Que tal 35.000 prefeitos? (por Eduardo Fernandez Silva)

A quase totalidade dos brasileiros considerará um absurdo a ideia de se ter tantos dirigentes municipais. Um recente ex-ministro da fazenda queria reduzir o número dos [...]

A quase totalidade dos brasileiros considerará um absurdo a ideia de se ter tantos dirigentes municipais. Um recente ex-ministro da fazenda queria reduzir o número dos atuais cerca de 5.700 para um total não especificado. Logo calou-se, imagino que em razão de reações negativas daqueles que se locupletam com as verbas transferidas aos municípios, verbas das quais suas populações pouco ou nada se beneficiam.

Não obstante, 35.000 prefeitos é uma realidade, e funciona! Onde? Na França, cuja população vive melhor que a daqui! Lá, 12.000 gestores municipais se reuniram, de 18 a 20/11/25, em Paris. Todos os políticos importantes estiveram no evento, pois dependem do apoio de prefeitos nas eleições.
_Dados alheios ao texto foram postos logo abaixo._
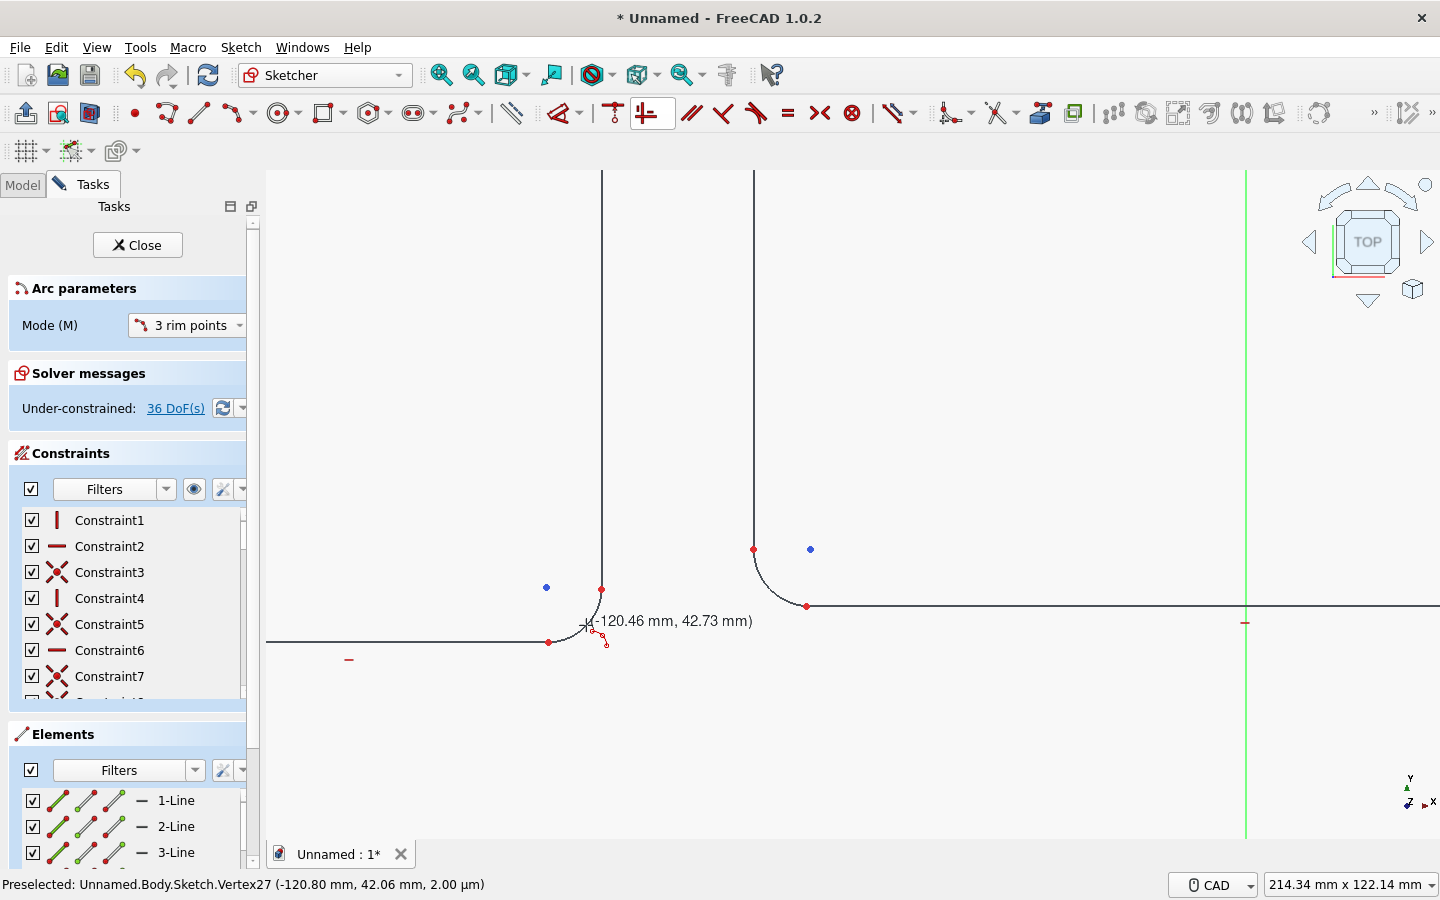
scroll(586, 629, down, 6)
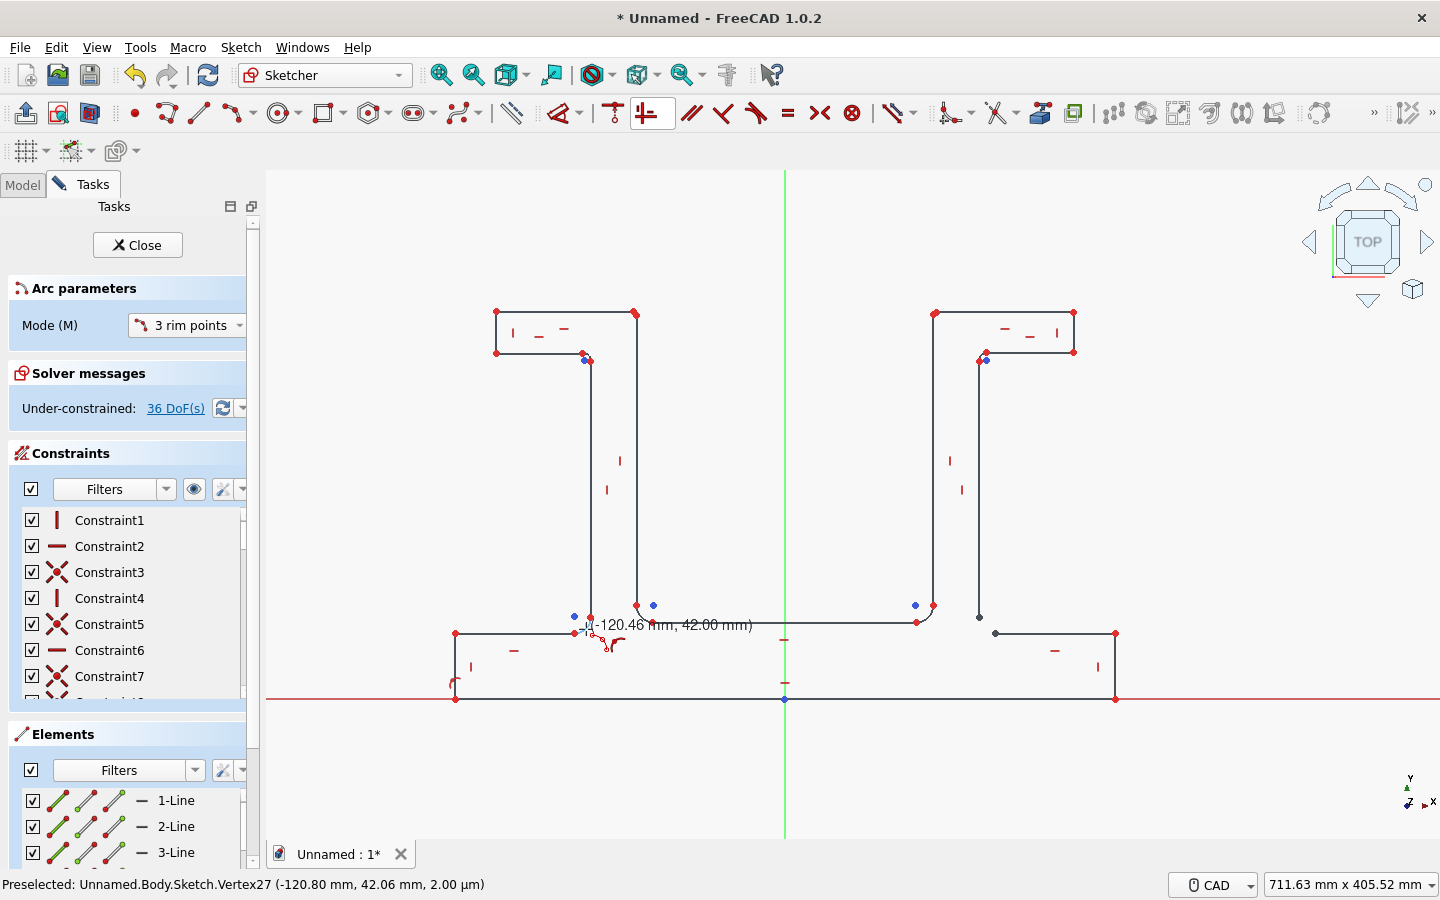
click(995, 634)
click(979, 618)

Façamos as contas: os 70 milhões de franceses vivem num território do tamanho de Minas Gerais; o Brasil é 15 vezes maior, com três vezes mais gente, e tem apenas 5.700 prefeitos! Para completar o espanto, no Brasil existem 60.311 vereadores, enquanto na França são 500.000, a maioria voluntários, sem remuneração, diferentemente do que ocorre aqui!  Ainda fazendo contas, há um vereador para cada 140 franceses e, aqui, um para cada 3.648 brasileiros!

Com esses números, é difícil dizer em qual país a população se encontra mais bem representada e, por decorrência, tem suas prioridades mais respeitadas pelas administrações locais?

Mesmo sem contar a parcela das emendas que embolsam, sem recibo, é claro que a remuneração oficial dos políticos brasileiros é errada e absurda, tamanha a diferença entre o que ganham, os parcos benefícios coletivos que geram e o que aufere a população. É errado também que sejam tão poucos, pois esse pequeno número significa, também, que há grande afastamento entre eleitores e eleitos.

Na França, quase 70% da população confia nos prefeitos; nos deputados, apenas 42% e no presidente Macron, só 23%. Quanto mais longe a política, mais aumenta a desconfiança em relação a ela. Quanto mais próxima, mais ela deve resolver os problemas cotidianos, e mais a população se envolve com os assuntos coletivos. Lá, há municípios com menos de 1.000 habitantes, muitos prefeitos e 2/3 dos vereadores atuam sem remuneração. Isso significa, necessariamente, que a representação da população, lá, é muito maior que no Brasil, sem onerar a população! Maior representação é praticamente sinônimo de políticas públicas melhores, mais inclusivas e mais eficazes!

A maior representatividade popular aproxima eleitor e eleito e facilita, por um lado, solucionar problemas locais, e por outro, fiscalizar o destino das verbas públicas. O Brasil, com tão poucos “gestores” e tão grandes municípios, tornou quase impossível fiscalizar e improvável a boa gestão dos problemas locais.

No Congresso de Paris, a ex-prefeita de uma vila de 8.000 habitantes, reclamava: “70 horas de trabalho por semana e um salário de apenas 80% do salário-mínimo, sem tempo para a vida pessoal”! Ela abandonou a política e lançou um livro intitulado: “Prefeitos, que grande bagunça”! Preocupações comuns entre os participantes: a cada semana chegam novas e custosas regras feitas em Brasília; oops, melhor dizendo, em Paris! Os meios são insuficientes; aumentam os roubos e as agressões verbais e físicas; preocupa o tráfico de drogas nas áreas rurais.

Importante também registrar que muitos prefeitos, lá, não são filiados a partidos, e apenas nas maiores cidades, e nos estados, os partidos se tornam importantes. A possibilidade de candidatura independente reduz o poder dos “donos de partido”, democratizando a escolha de candidatos e, por consequência, de eleitos.

Aproximar o modelo de representação – e remuneração – brasileira do Francês seria um passo gigantesco no sentido de reduzir o déficit de democracia que existe aqui, e de possibilitar rápida melhoria nas condições de vida da população.

No Brasil, alguma vez, alguém, propondo uma reforma política, considerou tratar da deficiência de representação aqui apontada, ao invés de sugerir obscuros, indefinidos e questionáveis malabarismos como semipresidencialismo ou voto distrital misto?

Eduardo Fernandez Silva é Mestre em Economia pelo Institute for Social Studies da Universidade de Hague. Foi Diretor da Consultoria Legislativa da Câmara dos Deputados. Autor.